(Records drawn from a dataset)
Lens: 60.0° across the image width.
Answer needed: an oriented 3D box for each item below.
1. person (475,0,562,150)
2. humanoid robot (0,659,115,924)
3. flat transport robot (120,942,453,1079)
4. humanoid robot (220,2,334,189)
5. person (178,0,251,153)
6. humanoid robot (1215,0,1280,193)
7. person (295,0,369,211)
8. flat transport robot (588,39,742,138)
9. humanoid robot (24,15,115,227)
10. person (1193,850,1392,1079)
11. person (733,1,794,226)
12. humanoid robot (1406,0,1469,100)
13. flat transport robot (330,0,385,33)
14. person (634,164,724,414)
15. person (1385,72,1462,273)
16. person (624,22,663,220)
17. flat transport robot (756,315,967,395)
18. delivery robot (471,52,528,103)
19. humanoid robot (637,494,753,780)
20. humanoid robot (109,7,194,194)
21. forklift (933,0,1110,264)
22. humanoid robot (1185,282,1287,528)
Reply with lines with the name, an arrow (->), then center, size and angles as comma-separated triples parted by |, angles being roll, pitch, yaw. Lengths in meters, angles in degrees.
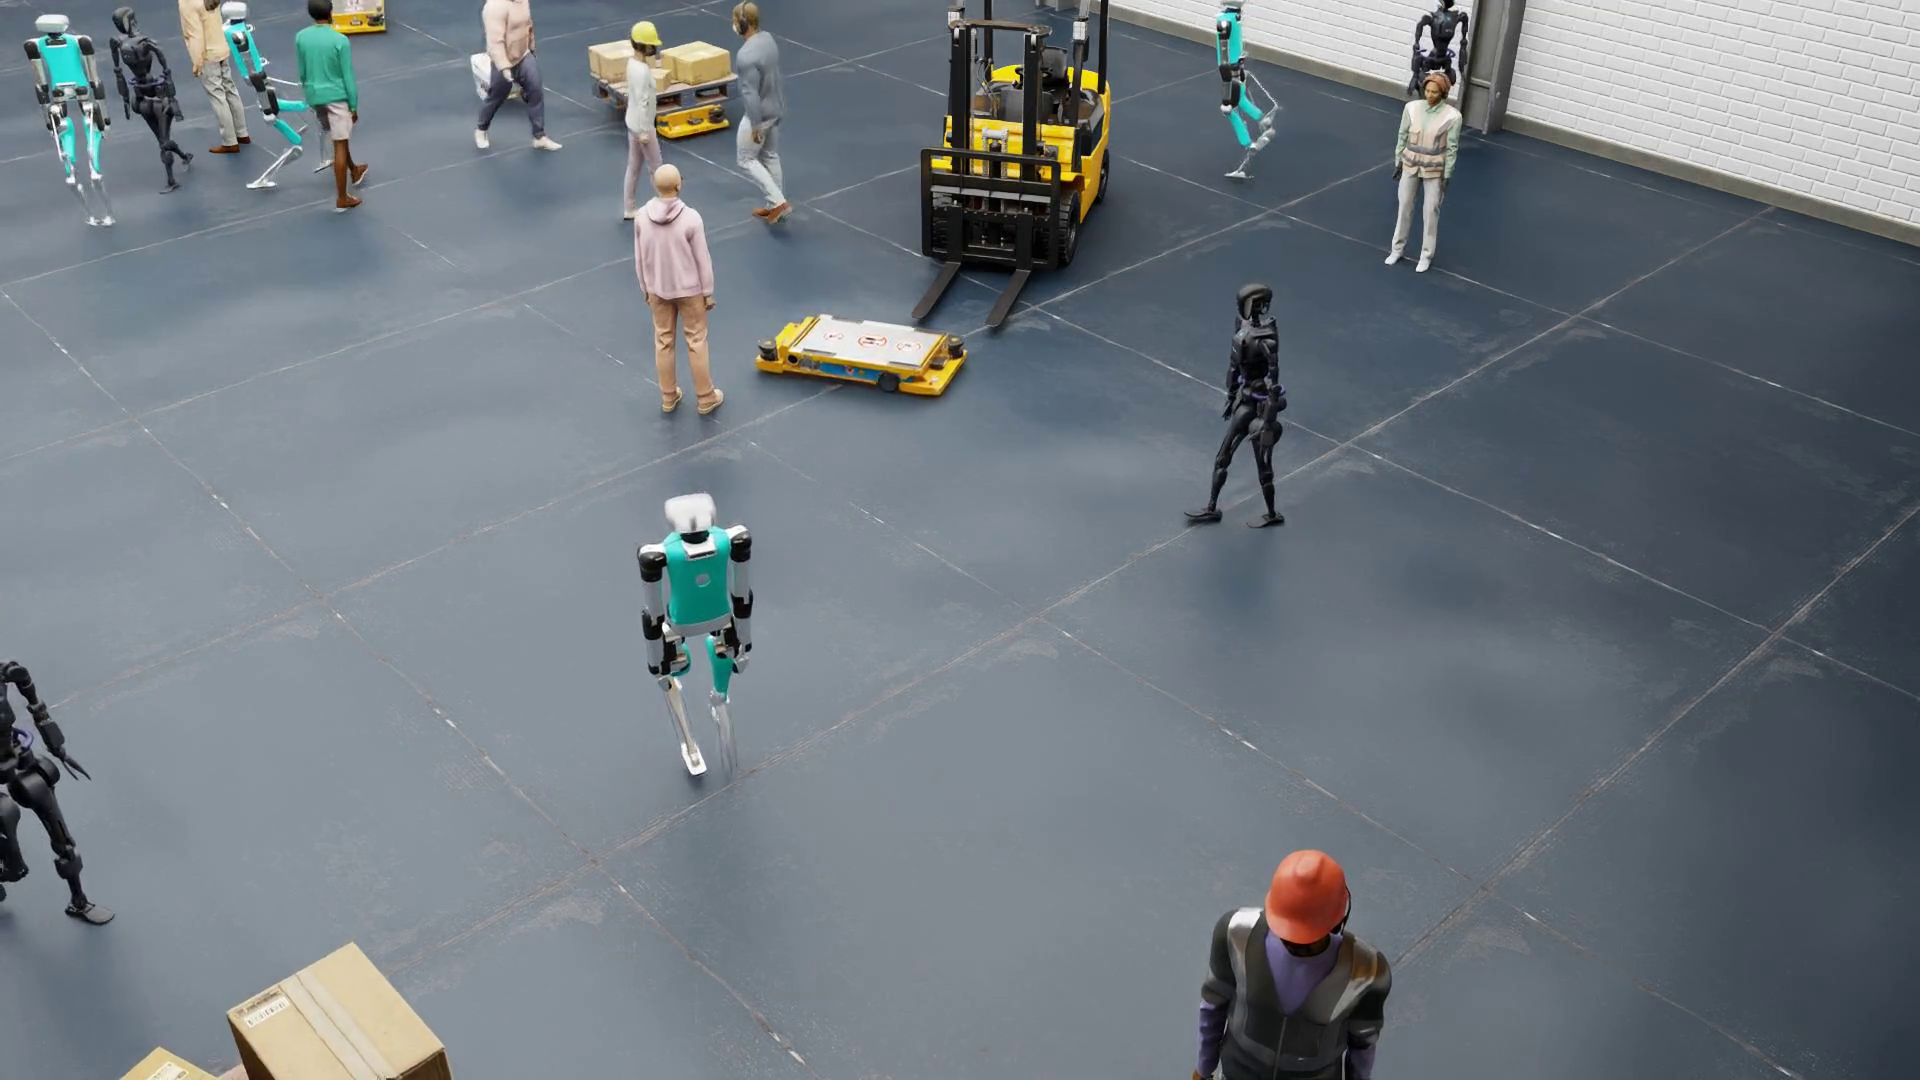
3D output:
person -> -4.345, -4.634, 15.890 | 0.874, 1.810, 0.798 | 16, 36, 23
humanoid robot -> -4.231, 1.033, 7.312 | 0.620, 1.638, 0.589 | 13, 35, 20
flat transport robot -> -2.548, 2.542, 6.265 | 0.659, 0.231, 1.431 | -28, 42, -36
humanoid robot -> -6.060, -4.002, 15.013 | 1.045, 1.747, 0.555 | -16, 36, -23
person -> -7.112, -4.625, 15.810 | 0.400, 1.875, 0.566 | 3, 33, 5
humanoid robot -> 2.620, -3.966, 15.017 | 0.750, 1.890, 0.542 | 11, 35, 16
person -> -5.583, -3.936, 14.850 | 0.508, 1.765, 1.033 | 4, 33, 6
flat transport robot -> -2.980, -4.431, 16.984 | 0.659, 0.231, 1.431 | -20, 38, -28
humanoid robot -> -7.580, -3.531, 14.256 | 0.533, 1.762, 0.799 | -10, 34, -14
person -> 1.096, 1.846, 5.711 | 0.604, 2.045, 0.375 | 11, 35, 17
person -> -1.666, -3.630, 14.250 | 0.531, 1.912, 0.655 | 11, 35, 16
humanoid robot -> 4.536, -4.426, 15.721 | 0.602, 1.628, 0.767 | -6, 34, -10
flat transport robot -> -7.247, -6.350, 19.932 | 0.659, 0.231, 1.431 | -9, 34, -14
person -> -1.943, -1.695, 11.388 | 0.529, 1.782, 0.403 | 6, 34, 9
person -> 3.770, -2.994, 13.521 | 0.512, 1.634, 0.312 | 23, 39, 31
person -> -2.692, -3.570, 14.332 | 0.616, 1.747, 0.553 | -10, 34, -14
flat transport robot -> -0.724, -1.378, 12.291 | 1.431, 0.231, 0.659 | 10, 34, 15
delivery robot -> -4.810, -4.819, 17.335 | 0.499, 0.614, 0.815 | -19, 38, -26
humanoid robot -> -1.321, 0.480, 8.145 | 0.539, 1.844, 0.753 | -14, 36, -20
humanoid robot -> -7.347, -4.051, 15.160 | 0.603, 1.625, 0.764 | 6, 34, 9
forklift -> 0.570, -3.725, 14.138 | 1.214, 2.155, 2.313 | 9, 34, 13
humanoid robot -> 1.753, -0.785, 10.104 | 0.611, 1.639, 0.607 | -10, 34, -15

#### EXERCISE AIM:
What is asked for is an exact copy of the lines above from the one containing "6. humanoid robot (1215,0,1280,193)" through the one containing "Reply with lines", and only those.

#### RESPONSE:
6. humanoid robot (1215,0,1280,193)
7. person (295,0,369,211)
8. flat transport robot (588,39,742,138)
9. humanoid robot (24,15,115,227)
10. person (1193,850,1392,1079)
11. person (733,1,794,226)
12. humanoid robot (1406,0,1469,100)
13. flat transport robot (330,0,385,33)
14. person (634,164,724,414)
15. person (1385,72,1462,273)
16. person (624,22,663,220)
17. flat transport robot (756,315,967,395)
18. delivery robot (471,52,528,103)
19. humanoid robot (637,494,753,780)
20. humanoid robot (109,7,194,194)
21. forklift (933,0,1110,264)
22. humanoid robot (1185,282,1287,528)
Reply with lines with the name, an arrow (->), then center, size and angles as comma-separated triples parted by |, angles being roll, pitch, yaw. Lengths in meters, angles in degrees.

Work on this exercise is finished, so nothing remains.